During this break, draw an equilateral triangle using the TURTLE command:

     (TURTLE (FORWARD 10) (TURN 120)
	     (FORWARD 20) (TURN 120)
	     (FORWARD 20) (TURN 120)
	     (FORWARD 10))

BREAK
CLRSCRN
We have ignored the fact that "aspect-ratio" of the width to height of a
character is not 1 on most sceens.  For example, it is about 5/12 on the IBM
PC in 80-character mode or about 5/6 on the IBM-PC in 40-character mode.  For
this reason, you may prefer the lower angular distortion of 40-column mode if
available.  (24 lines is the most severe cause of low-resolution, so half of
the 80 columns is not much of a sacrifice.)

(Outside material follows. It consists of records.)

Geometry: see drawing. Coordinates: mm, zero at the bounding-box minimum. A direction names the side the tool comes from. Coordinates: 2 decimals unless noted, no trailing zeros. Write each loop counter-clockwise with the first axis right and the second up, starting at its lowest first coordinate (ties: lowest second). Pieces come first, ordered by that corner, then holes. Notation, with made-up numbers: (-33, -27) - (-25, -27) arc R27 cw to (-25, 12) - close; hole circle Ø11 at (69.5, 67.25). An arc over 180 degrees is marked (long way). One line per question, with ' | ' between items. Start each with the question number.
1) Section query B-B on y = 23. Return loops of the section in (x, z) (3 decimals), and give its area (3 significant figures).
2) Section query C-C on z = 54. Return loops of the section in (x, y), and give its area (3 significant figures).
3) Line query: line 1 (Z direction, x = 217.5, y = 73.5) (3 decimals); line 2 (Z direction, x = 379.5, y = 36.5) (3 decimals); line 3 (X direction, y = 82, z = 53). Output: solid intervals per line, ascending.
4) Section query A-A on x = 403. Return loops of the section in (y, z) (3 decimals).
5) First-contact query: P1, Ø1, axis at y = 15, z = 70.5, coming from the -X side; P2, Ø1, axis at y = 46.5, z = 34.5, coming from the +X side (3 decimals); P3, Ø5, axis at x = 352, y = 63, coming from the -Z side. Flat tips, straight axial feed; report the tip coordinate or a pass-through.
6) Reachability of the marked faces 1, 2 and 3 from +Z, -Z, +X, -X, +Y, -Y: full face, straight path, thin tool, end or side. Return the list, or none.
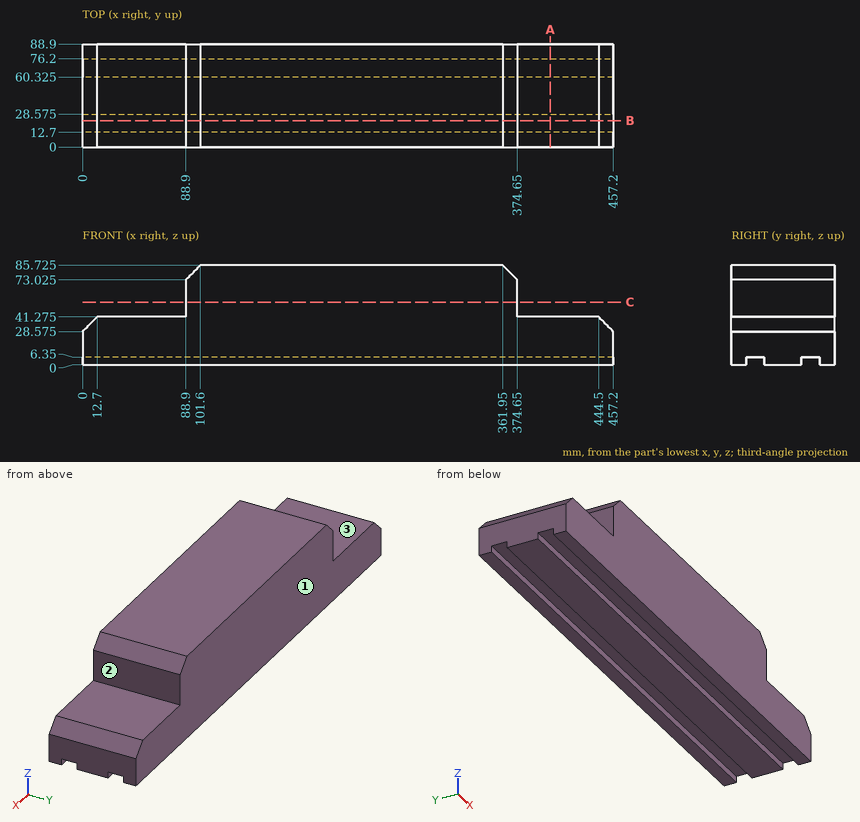
Answer key:
1) outline: (0, 6.35) - (457.2, 6.35) - (457.2, 28.575) - (444.5, 41.275) - (374.65, 41.275) - (374.65, 73.025) - (361.95, 85.725) - (101.6, 85.725) - (88.9, 73.025) - (88.9, 41.275) - (12.7, 41.275) - (0, 28.575) - close | area: 28,300 mm²
2) outline: (88.9, 0) - (374.65, 0) - (374.65, 88.9) - (88.9, 88.9) - close | area: 25,400 mm²
3) line 1: 6.35 to 85.725 | line 2: 0 to 41.275 | line 3: 88.9 to 374.65
4) outline: (0, 0) - (12.7, 0) - (12.7, 6.35) - (28.575, 6.35) - (28.575, 0) - (60.325, 0) - (60.325, 6.35) - (76.2, 6.35) - (76.2, 0) - (88.9, 0) - (88.9, 41.275) - (0, 41.275) - close
5) P1: x = 88.9 | P2: x = 451.775 | P3: z = 6.35
6) face 1: +Z, -Z, +X, -X, +Y | face 2: +Z, +X, +Y, -Y | face 3: +Z, -X, +Y, -Y

Character graphics tends to be most satisfactory if you ignore the aspect
ratio.  (You can always look at the screen from a compensatory slant!)
However, we leave it as an exercise to account for the aspect ratio in the
turtle graphics routines.


CONTINUE
Now we can begin a library of useful figures from which to compose more
complicated figures.  As a simple start, it is convenient to have a command
for advancing a given distance then turning a given angle:

$ (DEFUN FORWARD-THEN-TURN (DISTANCE ANGLE)
    (FORWARD DISTANCE)
    (TURN ANGLE) )


CONTINUE
Next, it is useful to have a function that makes a polygon, ending up at the
starting point and initial heading.  A theorem that the resulting total turn
of a closed figure is 0 modulo 360 helps us know when to stop:

$ (DEFUN POLY (SIDE ANGLE
      TOT-TURN)
    (SETQ TOT-TURN 0)
    (LOOP
      (FORWARD-THEN-TURN SIDE ANGLE)
      (SETQ TOT-TURN (REM (+ TOT-TURN ANGLE) 360))
      ((ZEROP TOT-TURN)) ) )

During this break, experiment with POLY using various sides and angles.  For
example, try

	  (TURTLE (SETPOS -5 -10) (POLY 20 144))

BREAK
CLRSCRN
Here is a challenging problem:  See if you can write a CORNER-POLY function
which draws a polygon that recursively has a similar half-sized polygon
outside each corner until the sides are reduced to one pixel.

BREAK
$ (DEFUN CORN-POL (SIDE ANGLE
      TOT-TURN)
    ((> SIDE 1)
      (SETQ TOT-TURN 0)
      (LOOP
	(FORWARD SIDE)
	(CORN-POL (SHIFT SIDE -2) (- ANGLE))
	(TURN ANGLE)
	(SETQ TOT-TURN (REM (+ TOT-TURN ANGLE) 360))
	((ZEROP TOT-TURN)) ) ) )

Note the use of the function SHIFT in the definition.  If <n> and <m> are
integers and <m> is positive, (SHIFT n m) arithmetically shifts <n> LEFT <m>
bits.  If <m> is negative, SHIFT arithmetically shifts <n> RIGHT -<m> bits.
SHIFT is used above to efficiently divide an integer by 2.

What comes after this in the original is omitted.